The default configuration is for Apple Silicon hosts with `aarch64-linux`
guests. For Intel Macs or x86 Linux guests, update these together:

- `system` in `flake.nix`
- The pi release tarball URL and hash in `home.nix`
- The image build outputs and release assets under `images/`

### Multiple Instances

Named instances are isolated from each other:

```bash
./rootcell --instance dev
./rootcell --instance review
```

Each instance gets its own VMs, state directory, CA, allowlists, Keychain mapping
file, control SSH key, private-link state, and `/24`.

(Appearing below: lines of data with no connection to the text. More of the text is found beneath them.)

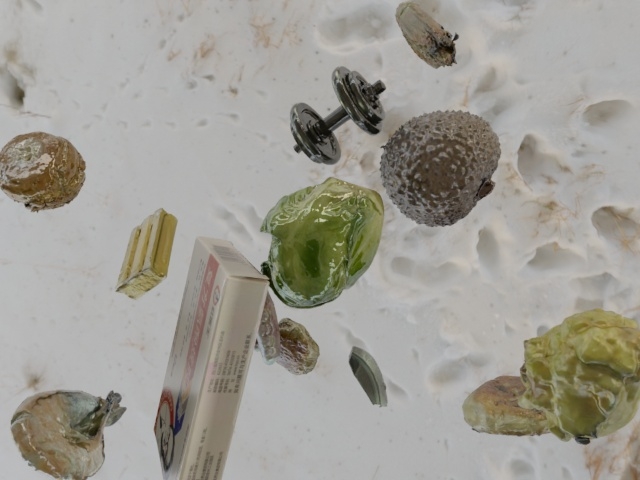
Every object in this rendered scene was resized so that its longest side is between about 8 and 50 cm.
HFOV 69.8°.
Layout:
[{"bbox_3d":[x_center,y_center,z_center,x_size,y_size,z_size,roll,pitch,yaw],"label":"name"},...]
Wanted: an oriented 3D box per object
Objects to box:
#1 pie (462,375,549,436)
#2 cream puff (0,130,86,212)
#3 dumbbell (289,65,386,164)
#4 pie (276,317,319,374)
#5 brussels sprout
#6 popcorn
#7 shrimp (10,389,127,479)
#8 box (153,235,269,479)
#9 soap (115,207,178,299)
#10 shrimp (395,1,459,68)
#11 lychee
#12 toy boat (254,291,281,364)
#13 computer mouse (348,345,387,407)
[{"bbox_3d":[0.558,0.461,1.292,0.315,0.315,0.092,-7,91,25],"label":"pie"},{"bbox_3d":[-0.515,-0.123,0.857,0.150,0.115,0.165,-9,57,3],"label":"cream puff"},{"bbox_3d":[0.041,-0.312,1.168,0.290,0.192,0.192,-31,90,28],"label":"dumbbell"},{"bbox_3d":[-0.080,0.306,1.302,0.163,0.079,0.193,33,133,14],"label":"pie"},{"bbox_3d":[0.001,0.001,0.970,0.227,0.259,0.294,31,97,13],"label":"brussels sprout"},{"bbox_3d":[0.527,0.270,0.918,0.252,0.215,0.286,5,114,4],"label":"popcorn"},{"bbox_3d":[-0.572,0.445,1.104,0.110,0.445,0.221,-39,85,-8],"label":"shrimp"},{"bbox_3d":[-0.174,0.188,0.681,0.214,0.069,0.353,30,109,61],"label":"box"},{"bbox_3d":[-0.628,0.043,1.677,0.199,0.315,0.091,-32,130,22],"label":"soap"},{"bbox_3d":[0.147,-0.271,0.624,0.042,0.190,0.101,-33,125,13],"label":"shrimp"},{"bbox_3d":[0.297,-0.185,1.143,0.300,0.300,0.300,6,106,22],"label":"lychee"},{"bbox_3d":[-0.173,0.212,1.191,0.155,0.085,0.227,29,129,56],"label":"toy boat"},{"bbox_3d":[0.173,0.452,1.537,0.071,0.126,0.231,-33,84,14],"label":"computer mouse"}]
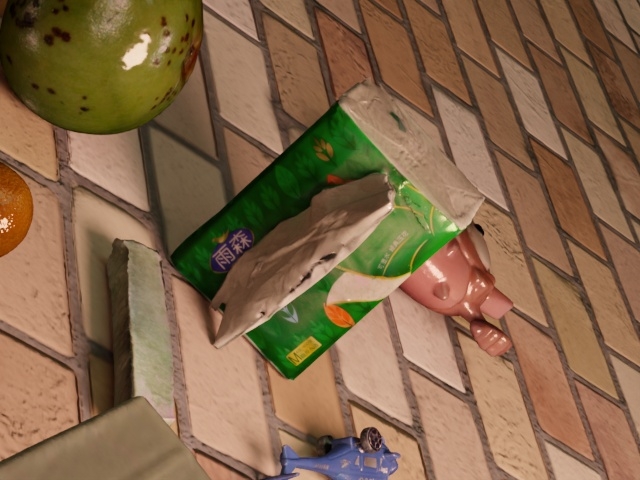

The `default` instance migrates from legacy repo-local files on first run: if
`.env`, `secrets.env`, `proxy/allowed-*.txt`, or `pki/` already exist, rootcell
copies them into `.rootcell/instances/default/`. Named instances seed from the
checked-in defaults.

## Troubleshooting

See what the firewall is denying:

```bash
./rootcell --instance default spy
```

See formatted Bedrock Runtime requests and responses:

```bash
./rootcell spy
./rootcell spy --raw
./rootcell spy --tui
```

Check that firewall services are listening:

```bash
ssh -F .rootcell/instances/default/ssh/config rootcell-firewall -- \
"ss -tln '( sport = :8080 or sport = :8081 )' && ss -uln '( sport = :53 )'"
```

Test an HTTPS allowlist entry from inside the VM:

```bash
./rootcell -- curl -v https://example.com
```

Inspect the live allowlists inside the firewall VM:

```bash
ssh -F .rootcell/instances/default/ssh/config rootcell-firewall -- \
"cat /etc/agent-vm/allowed-https.txt && cat /etc/agent-vm/dnsmasq-allowlist.conf"
```

## License

Copyright (C) 2026 Jim Pudar.

rootcell is licensed under the GNU Affero General Public License v3.0 only
(`AGPL-3.0-only`). See [LICENSE](LICENSE).